- Required work: Wherever an image appears in the records, exclude it, and reproduce everything else exactly.

--- Information Enclosed Below ---

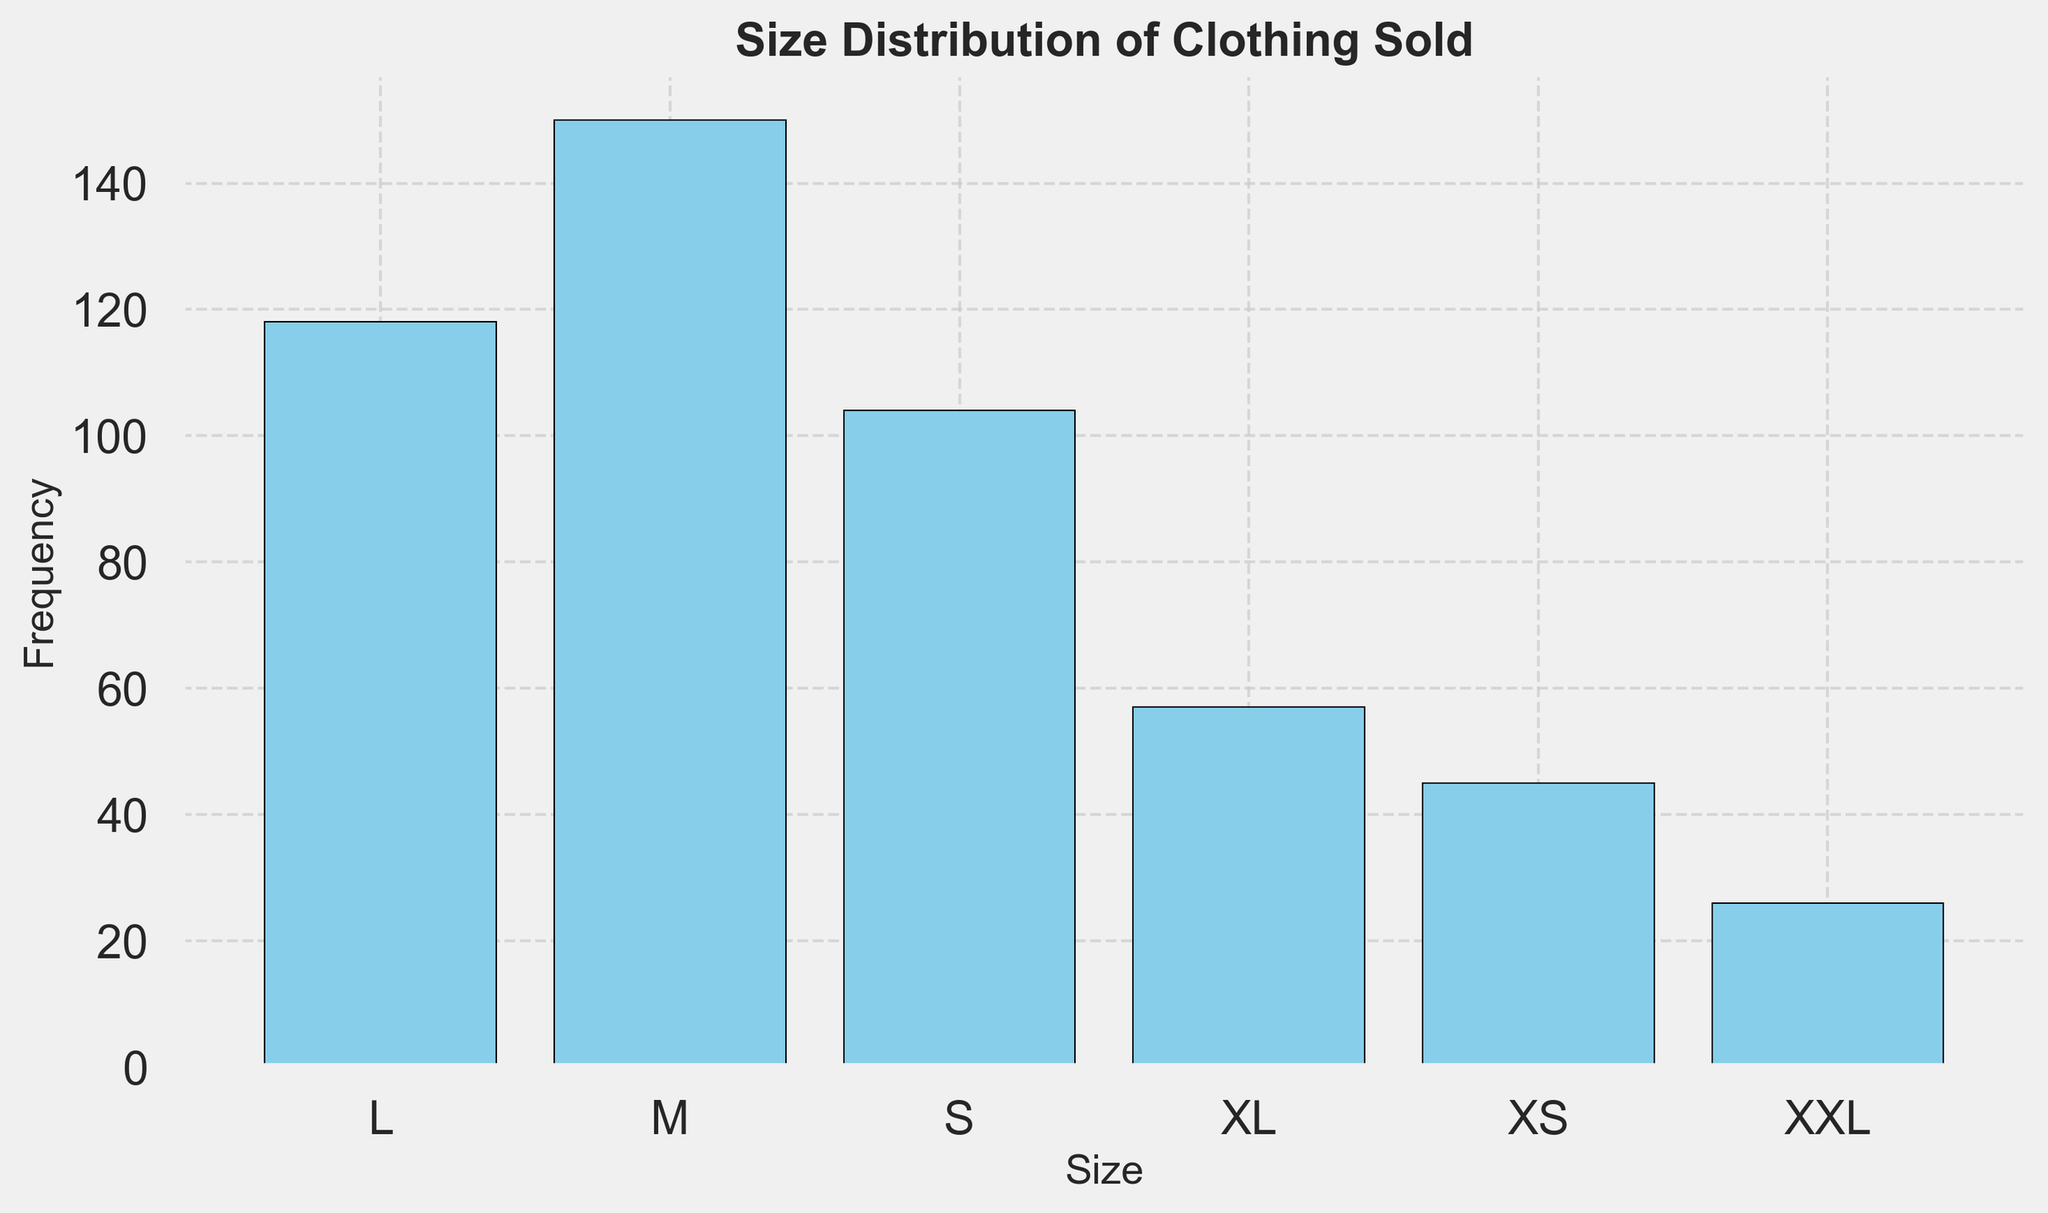How many total items of size "M" were sold? The figure shows the frequencies for each size. To find the total for "M," sum up all the frequencies corresponding to "M": 40 + 35 + 38 + 37.
Answer: 150 Which size had the highest frequency? By comparing the heights of the bars, we see that "M" has the highest bar, indicating the highest frequency.
Answer: M What is the total frequency of sizes "L" and "XL" combined? Add the frequencies for "L" and "XL" together. The total for "L" = 30 + 25 + 32 + 31 and the total for "XL" = 15 + 10 + 18 + 14. Adding these gives us (30 + 25 + 32 + 31) + (15 + 10 + 18 + 14).
Answer: 175 Which size had the least frequency? The shortest bar represents the lowest frequency. Here, "XXL" has the shortest bar.
Answer: XXL What is the average frequency of size "S"? Calculate the average by summing all the frequencies for "S" and then dividing by the number of entries: (25 + 28 + 24 + 27) / 4.
Answer: 26 What is the difference in frequency between size "M" and size "XS"? Find the total frequency for both sizes and subtract: Frequency of "M" = 150 and "XS" = 45. The difference is 150 - 45.
Answer: 105 Which size has a frequency closest to 30? Observe the bars and measure the one closest to a height of 30. L has a frequency summing up to 30 + 25 + 32 + 31, which averages closer to 30.
Answer: L Compare the total frequency of size "S" with "XL." Which one is greater? Calculate the sums for each size: S = 104 and XL = 57. Then compare these totals.
Answer: S How many more items of size "M" were sold than size "L"? Total items sold for "M" = 150 and total items for "L" = 118. Subtract the total of "L" from "M".
Answer: 32 What is the combined frequency of the two most frequently sold sizes? The two most frequently sold sizes are "M" and "L". Add their totals: 150 ("M") + 118 ("L").
Answer: 268 
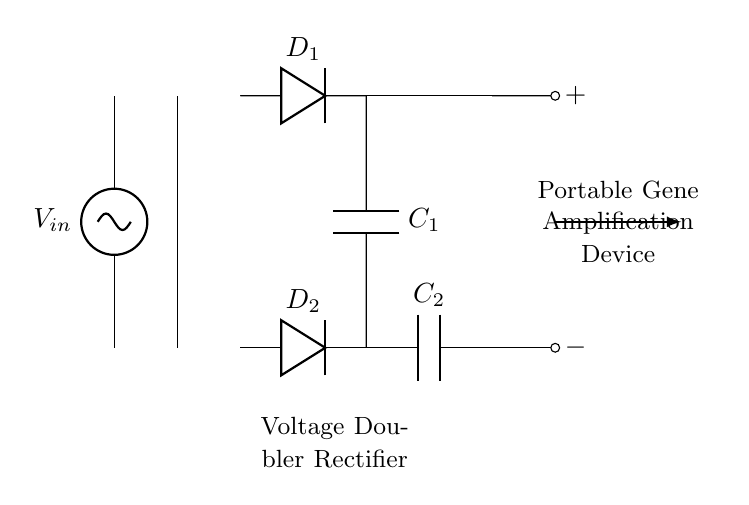What type of circuit is depicted? The circuit diagram represents a voltage doubler rectifier circuit, which is used to convert AC voltage to a higher DC voltage using a specific arrangement of diodes and capacitors.
Answer: Voltage doubler rectifier How many diodes are in the circuit? The diagram shows two diodes labeled D1 and D2, which are essential components in the rectification process of the voltage doubler circuit by allowing current to flow in one direction.
Answer: Two What is the function of the transformers in this circuit? The transformer serves to step up or step down the input AC voltage according to the desired output. It plays a critical role in modifying the input voltage before it undergoes rectification.
Answer: Transformer What do the capacitors do in this circuit? The capacitors, labeled C1 and C2, store charge after rectification, smooth the output voltage, and help achieve a higher DC voltage by accumulating energy during the charging phase of the circuit operation.
Answer: Store charge What is the output voltage type of this circuit? The output voltage is DC (Direct Current) achieved after the rectification process, which converts the input AC to a steady voltage suitable for the operation of a portable gene amplification device.
Answer: DC What connects the output of the circuit? The outputs of the circuit are connected to short components marked with positive and negative symbols, indicating the terminal points where the amplified voltage can be accessed for further use.
Answer: Short components

--- End of Enclosed Information ---

- Solution for this exercise:
How many total items of size "M" were sold? The figure shows the frequencies for each size. To find the total for "M," sum up all the frequencies corresponding to "M": 40 + 35 + 38 + 37.
Answer: 150 Which size had the highest frequency? By comparing the heights of the bars, we see that "M" has the highest bar, indicating the highest frequency.
Answer: M What is the total frequency of sizes "L" and "XL" combined? Add the frequencies for "L" and "XL" together. The total for "L" = 30 + 25 + 32 + 31 and the total for "XL" = 15 + 10 + 18 + 14. Adding these gives us (30 + 25 + 32 + 31) + (15 + 10 + 18 + 14).
Answer: 175 Which size had the least frequency? The shortest bar represents the lowest frequency. Here, "XXL" has the shortest bar.
Answer: XXL What is the average frequency of size "S"? Calculate the average by summing all the frequencies for "S" and then dividing by the number of entries: (25 + 28 + 24 + 27) / 4.
Answer: 26 What is the difference in frequency between size "M" and size "XS"? Find the total frequency for both sizes and subtract: Frequency of "M" = 150 and "XS" = 45. The difference is 150 - 45.
Answer: 105 Which size has a frequency closest to 30? Observe the bars and measure the one closest to a height of 30. L has a frequency summing up to 30 + 25 + 32 + 31, which averages closer to 30.
Answer: L Compare the total frequency of size "S" with "XL." Which one is greater? Calculate the sums for each size: S = 104 and XL = 57. Then compare these totals.
Answer: S How many more items of size "M" were sold than size "L"? Total items sold for "M" = 150 and total items for "L" = 118. Subtract the total of "L" from "M".
Answer: 32 What is the combined frequency of the two most frequently sold sizes? The two most frequently sold sizes are "M" and "L". Add their totals: 150 ("M") + 118 ("L").
Answer: 268 
What type of circuit is depicted? The circuit diagram represents a voltage doubler rectifier circuit, which is used to convert AC voltage to a higher DC voltage using a specific arrangement of diodes and capacitors.
Answer: Voltage doubler rectifier How many diodes are in the circuit? The diagram shows two diodes labeled D1 and D2, which are essential components in the rectification process of the voltage doubler circuit by allowing current to flow in one direction.
Answer: Two What is the function of the transformers in this circuit? The transformer serves to step up or step down the input AC voltage according to the desired output. It plays a critical role in modifying the input voltage before it undergoes rectification.
Answer: Transformer What do the capacitors do in this circuit? The capacitors, labeled C1 and C2, store charge after rectification, smooth the output voltage, and help achieve a higher DC voltage by accumulating energy during the charging phase of the circuit operation.
Answer: Store charge What is the output voltage type of this circuit? The output voltage is DC (Direct Current) achieved after the rectification process, which converts the input AC to a steady voltage suitable for the operation of a portable gene amplification device.
Answer: DC What connects the output of the circuit? The outputs of the circuit are connected to short components marked with positive and negative symbols, indicating the terminal points where the amplified voltage can be accessed for further use.
Answer: Short components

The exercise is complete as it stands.